Batting order 1 looks somewhat better than batting order 2 because it has a higher average number of runs per game.

However, the two confidence intervals overlap. Therefore based on 10 seasons of 20 games, I cannot say that the difference in the average number of runs per game is statistically significant. That is, the average for batting order 1 may be larger than batting order 2 by random chance.

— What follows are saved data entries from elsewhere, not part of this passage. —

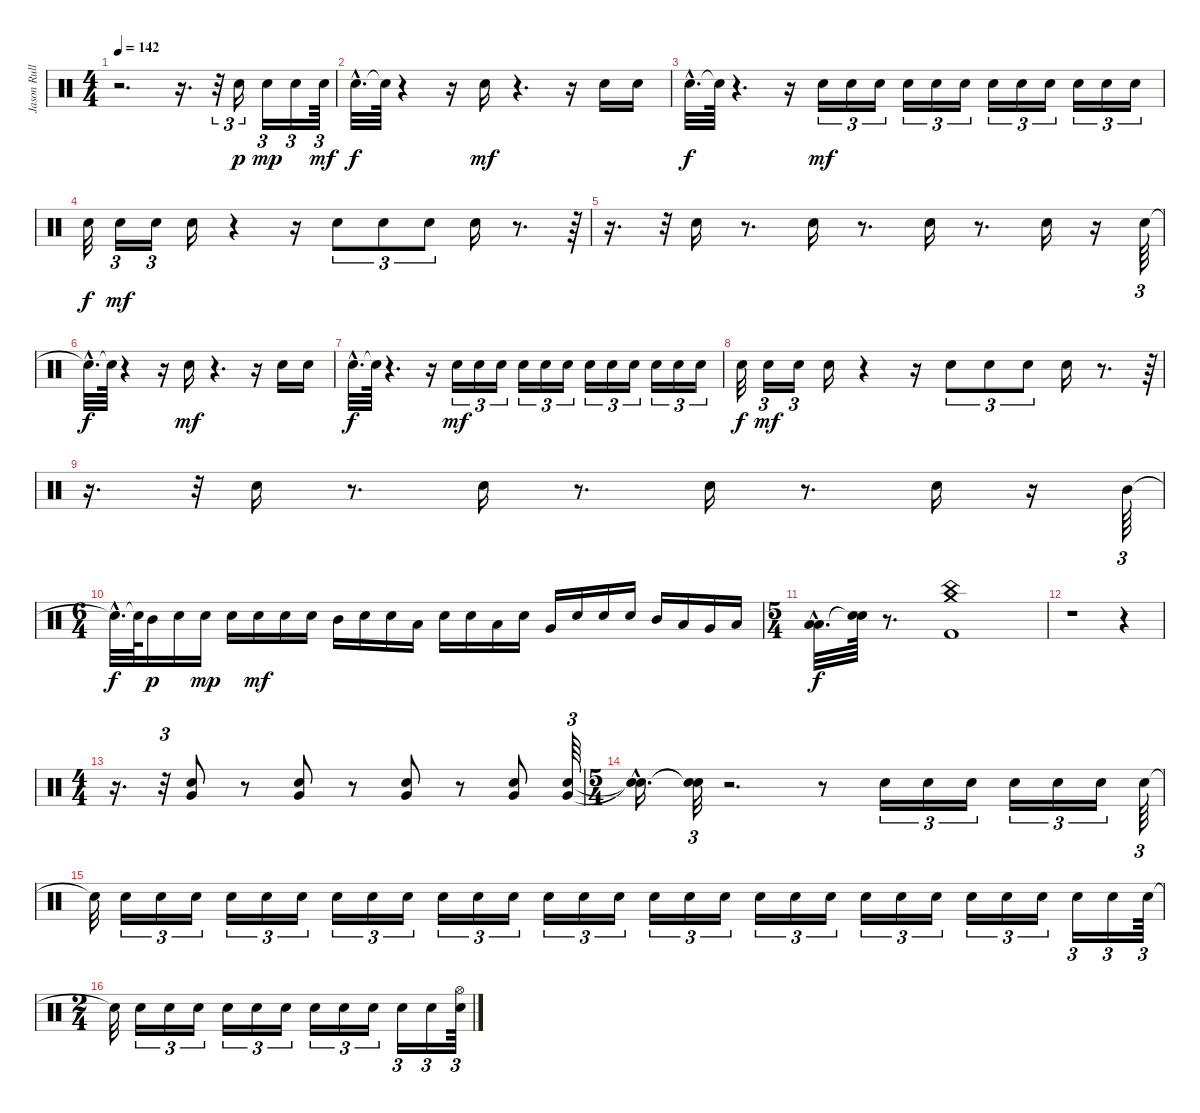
\track ("Jason Rullo" "Jason Rull") {instrument percussion}
\staff {score}
\articulation defaults
\ts (4 4)
\tempo 142
\clef neutral
\ks c
r.2{d dy f} r.16{d} r.32{tu (3 2)} "Electric Snare (hit)".16{tu (3 2) dy p} "Electric Snare (hit)".16{tu (3 2) dy mp} "Electric Snare (hit)".16{tu (3 2)} "Electric Snare (hit)".64{tu (3 2) dy mf} |
"Electric Snare (hit)"{hac}.32{d dy f} "Snare (hit)"{t}.64 r.4 r.16 "Electric Snare (hit)".16{dy mf} r.4{d} r.16 "Electric Snare (hit)".16 "Electric Snare (hit)".16 |
"Electric Snare (hit)"{hac}.32{d dy f} "Snare (hit)"{t}.64 r.4{d} r.16 "Electric Snare (hit)".16{tu (3 2) dy mf volume 0} "Electric Snare (hit)".16{tu (3 2) volume 1} "Electric Snare (hit)".16{tu (3 2) volume 2} "Electric Snare (hit)".16{tu (3 2) volume 3} "Electric Snare (hit)".16{tu (3 2) volume 4} "Electric Snare (hit)".16{tu (3 2) volume 5} "Electric Snare (hit)".16{tu (3 2) volume 6} "Electric Snare (hit)".16{tu (3 2) volume 6} "Electric Snare (hit)".16{tu (3 2) volume 8} "Electric Snare (hit)".16{tu (3 2) volume 8} "Electric Snare (hit)".16{tu (3 2) volume 9} "Electric Snare (hit)".16{tu (3 2) volume 10} |
"Electric Snare (hit)".32{dy f volume 11} "Electric Snare (hit)".16{tu (3 2) dy mf volume 12} "Electric Snare (hit)".16{tu (3 2) volume 13} "Electric Snare (hit)".16{volume 14} r.4 r.16 "Electric Snare (hit)".8{tu (3 2) volume 15} "Electric Snare (hit)".8{tu (3 2)} "Electric Snare (hit)".8{tu (3 2)} "Electric Snare (hit)".16 r.8{d} r.64{tu (3 2)} |
r.16{d} r.32{tu (3 2)} "Electric Snare (hit)".16 r.8{d} "Electric Snare (hit)".16 r.8{d} "Electric Snare (hit)".16 r.8{d} "Electric Snare (hit)".16 r.16 "Electric Snare (hit)".64{tu (3 2)} |
"Snare (hit)"{hac t}.32{d dy f} "Snare (hit)"{t}.64 r.4 r.16 "Electric Snare (hit)".16{dy mf} r.4{d} r.16 "Electric Snare (hit)".16 "Electric Snare (hit)".16 |
"Electric Snare (hit)"{hac}.32{d dy f} "Snare (hit)"{t}.64 r.4{d} r.16 "Electric Snare (hit)".16{tu (3 2) dy mf volume 0} "Electric Snare (hit)".16{tu (3 2) volume 1} "Electric Snare (hit)".16{tu (3 2) volume 2} "Electric Snare (hit)".16{tu (3 2) volume 3} "Electric Snare (hit)".16{tu (3 2) volume 4} "Electric Snare (hit)".16{tu (3 2) volume 5} "Electric Snare (hit)".16{tu (3 2) volume 6} "Electric Snare (hit)".16{tu (3 2) volume 6} "Electric Snare (hit)".16{tu (3 2) volume 8} "Electric Snare (hit)".16{tu (3 2) volume 8} "Electric Snare (hit)".16{tu (3 2) volume 9} "Electric Snare (hit)".16{tu (3 2) volume 10} |
"Electric Snare (hit)".32{dy f volume 11} "Electric Snare (hit)".16{tu (3 2) dy mf volume 12} "Electric Snare (hit)".16{tu (3 2) volume 13} "Electric Snare (hit)".16{volume 14} r.4 r.16 "Electric Snare (hit)".8{tu (3 2) volume 15} "Electric Snare (hit)".8{tu (3 2)} "Electric Snare (hit)".8{tu (3 2)} "Electric Snare (hit)".16 r.8{d} r.64{tu (3 2)} |
r.16{d} r.32{tu (3 2)} "Electric Snare (hit)".16 r.8{d} "Electric Snare (hit)".16 r.8{d} "Electric Snare (hit)".16 r.8{d} "Electric Snare (hit)".16 r.16 "Mid Tom (hit)".64{tu (3 2)} |
\ts (6 4)
"Snare (hit)"{hac t}.32{d dy f} "Snare (hit)"{t}.64 "Mid Tom (hit)".16{dy p} "Electric Snare (hit)".16 "Electric Snare (hit)".16{dy mp} "Electric Snare (hit)".16 "Electric Snare (hit)".16{dy mf} "Electric Snare (hit)".16 "Electric Snare (hit)".16 "Mid Tom (hit)".16 "Electric Snare (hit)".16 "Electric Snare (hit)".16 "Low Tom (hit)".16 "Electric Snare (hit)".16 "Electric Snare (hit)".16 "Low Tom (hit)".16 "Electric Snare (hit)".16 "Very Low Tom (hit)".16 "Electric Snare (hit)".16 "Electric Snare (hit)".16 "Electric Snare (hit)".16 "Mid Tom (hit)".16 "Low Tom (hit)".16 "Very Low Tom (hit)".16 "Low Floor Tom (hit)".16 |
\ts (5 4)
("Low Tom (hit)"{hac} "Low Floor Tom (hit)"{hac}).32{d dy f} ("Snare (hit)"{t} "Snare (hit)"{t}).64 r.8{d} ("China (hit)" "Crash medium (hit)" "Kick (hit) 2").1 |
r.1 r.4 |
\ts (4 4)
r.16{d} r.32{tu (3 2)} ("Very Low Tom (hit)" "Electric Snare (hit)").8 r.8 ("Very Low Tom (hit)" "Electric Snare (hit)").8 r.8 ("Very Low Tom (hit)" "Electric Snare (hit)").8 r.8 ("Very Low Tom (hit)" "Electric Snare (hit)").8 ("Very Low Tom (hit)" "Electric Snare (hit)").64{tu (3 2)} |
\ts (5 4)
("Snare (hit)"{hac t} "Snare (hit)"{hac t}).16{d} ("Snare (hit)"{t} "Snare (hit)"{t}).32{tu (3 2)} r.2{d} r.8 "Electric Snare (hit)".16{tu (3 2) volume 0} "Electric Snare (hit)".16{tu (3 2) volume 0} "Electric Snare (hit)".16{tu (3 2) volume 1} "Electric Snare (hit)".16{tu (3 2) volume 1} "Electric Snare (hit)".16{tu (3 2) volume 1} "Electric Snare (hit)".16{tu (3 2) volume 2} "Electric Snare (hit)".64{tu (3 2) volume 2} |
"Snare (hit)"{t}.32 "Electric Snare (hit)".16{tu (3 2) volume 2} "Electric Snare (hit)".16{tu (3 2) volume 2} "Electric Snare (hit)".16{tu (3 2) volume 3} "Electric Snare (hit)".16{tu (3 2) volume 3} "Electric Snare (hit)".16{tu (3 2) volume 3} "Electric Snare (hit)".16{tu (3 2) volume 4} "Electric Snare (hit)".16{tu (3 2) volume 4} "Electric Snare (hit)".16{tu (3 2) volume 4} "Electric Snare (hit)".16{tu (3 2) volume 5} "Electric Snare (hit)".16{tu (3 2) volume 5} "Electric Snare (hit)".16{tu (3 2) volume 5} "Electric Snare (hit)".16{tu (3 2) volume 6} "Electric Snare (hit)".16{tu (3 2) volume 6} "Electric Snare (hit)".16{tu (3 2) volume 6} "Electric Snare (hit)".16{tu (3 2) volume 6} "Electric Snare (hit)".16{tu (3 2) volume 7} "Electric Snare (hit)".16{tu (3 2) volume 7} "Electric Snare (hit)".16{tu (3 2) volume 7} "Electric Snare (hit)".16{tu (3 2) volume 8} "Electric Snare (hit)".16{tu (3 2) volume 8} "Electric Snare (hit)".16{tu (3 2) volume 8} "Electric Snare (hit)".16{tu (3 2) volume 9} "Electric Snare (hit)".16{tu (3 2) volume 9} "Electric Snare (hit)".16{tu (3 2) volume 9} "Electric Snare (hit)".16{tu (3 2) volume 10} "Electric Snare (hit)".16{tu (3 2) volume 10} "Electric Snare (hit)".16{tu (3 2) volume 10} "Electric Snare (hit)".16{tu (3 2) volume 10} "Electric Snare (hit)".16{tu (3 2) volume 11} "Electric Snare (hit)".64{tu (3 2) volume 11} |
\ts (2 4)
"Snare (hit)"{t}.32 "Electric Snare (hit)".16{tu (3 2) volume 11} "Electric Snare (hit)".16{tu (3 2) volume 12} "Electric Snare (hit)".16{tu (3 2) volume 12} "Electric Snare (hit)".16{tu (3 2) volume 12} "Electric Snare (hit)".16{tu (3 2) volume 13} "Electric Snare (hit)".16{tu (3 2) volume 13} "Electric Snare (hit)".16{tu (3 2) volume 13} "Electric Snare (hit)".16{tu (3 2) volume 14} "Electric Snare (hit)".16{tu (3 2) volume 14} "Electric Snare (hit)".16{tu (3 2) volume 14} "Electric Snare (hit)".16{tu (3 2) volume 14} ("Hi-Hat (open)" "Electric Snare (hit)").64{tu (3 2) volume 15}

To say that batting order 1 is better than batting order 2 with statistical significance, the lower bound of the confidence interval for batting order 1 would have to larger than the upper bound of batting order 2. I can get this result by taking a larger sample of seasons (that is, simulating more seasons).

Below is a table that shows the lower bound of batting order 1 and the upper bound of batting order 2 for varying number of 20 game seasons.

Seasons    Batting Order 1    Batting Order 2    Difference Statistically Significant
                  Lower Bound        Upper Bound
20              6.289                    6.454                                    No
30              6.296                    6.407                                    No
40              6.234                    6.237                                    No
50              6.288                    6.206                                    Yes

So it takes at least 50 seasons before the difference turns out to be statistically significant.

The major result is that Monte Carlo simulation can be used to evaluate based on statistically significance whether one batting order is better than another.